По Петербургу наше начальство навело такой порядок, такую тишину. К нам тащили виновных и невиновных. Стены-то у нас высокие — сажени в полторы. Приходилось слышать и как состукивались по трубам. Для видимости крикнешь: так, мол, не полагается! И входить в соглашение с арестованным не дозволялось, тут же попадешь навечно в Алексеевский равелин. А равелин — тюрьма страшная. В нашей предварилке — благодать. А там — приварок на две копейки, полфунта хлеба, людей живьем гноили. Оттуда сменишься с поста — голова болела.
Не забуду. Сидели у нас две барышни: Каленкина Маша и Малиновская. Как ее звать — забыл. Живописью занималась и с Каленкиной перестукивалась. Нам приказывалось — об этом доносить дежурному офицеру. И кто-то из наших ребят сказал: «Барышни что-то перестукиваются». А в мое дежурство Малиновская дает звонок в коридор. Спрашиваю: что вам угодно?.. Она протягивает мне записку: Каленкиной, слышь, передай. Я посмотрел вправо-влево: никого, а передать страшно. Полюбопытствовал: а что, мол, написано-то? Читаю: «Маша, милая, прекращаю стук к тебе и жизнь». Записочку я передал дежурному офицеру. И снова ее звонок. Она опять дает мне бумажку: «Снеси, говорит, на главный пост — начальнице». Я придержал записочку у себя и стал смотреть в стеклышко. Они были секретные, чуть глаз убирался. Вижу — барышня отстегнула ремни от ящика с красками, привязала их к вешалке. Соображаю: барышня-то замышляет что-то неладное. Встала она спиной к стене и накидывает ремень на шею. А я в момент форточку отворил, в которую пища подается, и закричал: «Барышня, что вы делаете?!» Она от испуга на ногах не устояла и упала. И я-то за нее перепугался, побежал к начальнице. Отперли камеру. Стали Малиновскую уговаривать: «Да что это с вами?..» А она, указывая на меня: «Зачем он сказал…» Но как было не сказать. Ведь и нас держали в строгости. И меня даже посадили. Пять ден просидел — земляка гвардейца встретил, задержался с увольнительной. А у меня вскрыли сундук — карточку моей знакомой разглядели. За какие-нибудь три часа разыскали и ее, и земляка. Но они сказали, что я непорочен.
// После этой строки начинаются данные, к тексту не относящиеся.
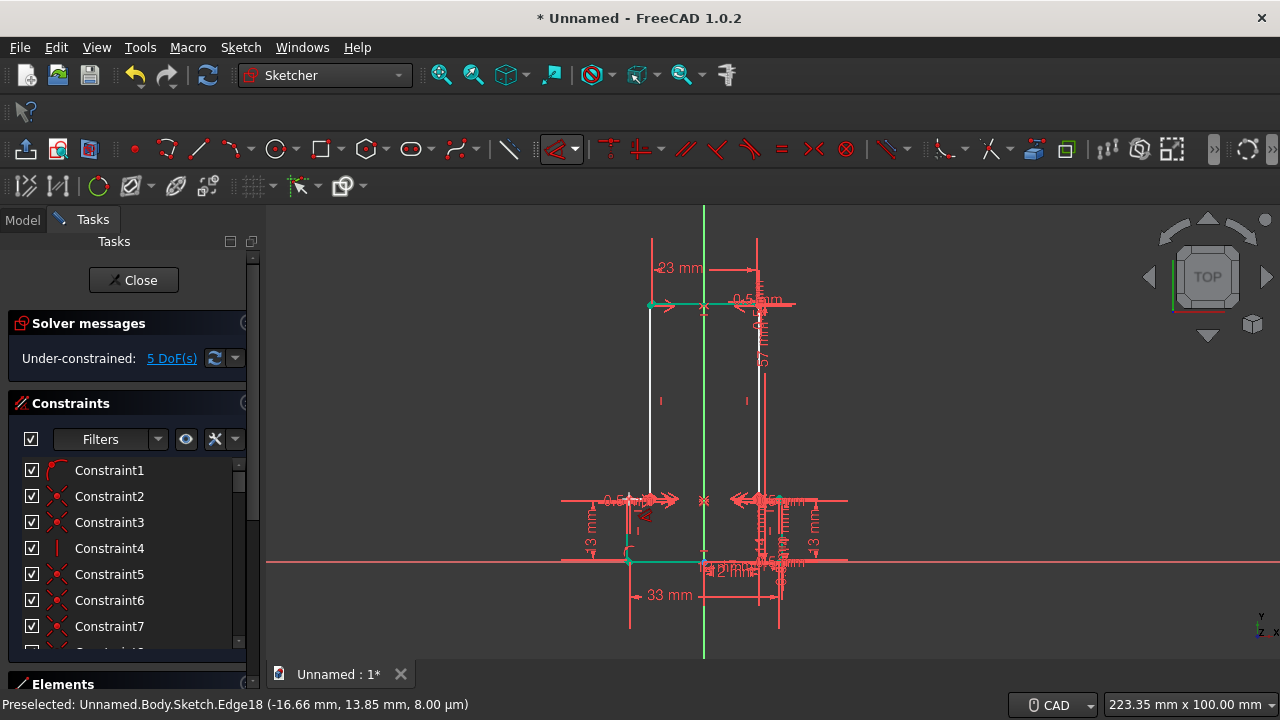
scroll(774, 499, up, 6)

Про себя-то я говорю вам, может, некстати, но так уж — к слову.
— А ты полно-ко, Федор! Страсти-то какие ты видел! Да неужто так это было?
— Было, мужички, было.
ЛУКА-ИГРУШЕЧНИК
— Котиковы —
Дедушка жил сто двенадцать лет. Был здоровый старичок. Землю под хлеб готовил не без труда и заботы. Пеньки после пожога леса вырубал топором. Из корней пеньков мастерил диковинки — людей, зверей и забавы детям. Пахал деревянной косулей. После пожогов, на первородной земле хлеб у деда родился без навоза. Мужик он был здоровый, лапти носил только зимой, а пахал и ходил летом и осенью босой и никогда не хворал. Топор у него все время за поясом: крепкие корни вырубал, а кои слабые выпинал пятой.
Он всегда считал — ему оказывают большую честь, спрашивая самого лучшего игрушечника на Лыковщине. К примеру: вы хотите что-то ему заказать — это одно; посмотреть на его творение или поучиться мастерству — это другое. Но если вы интересуетесь только личностью игрушечника, то его назовет и укажет его дом любой кержак.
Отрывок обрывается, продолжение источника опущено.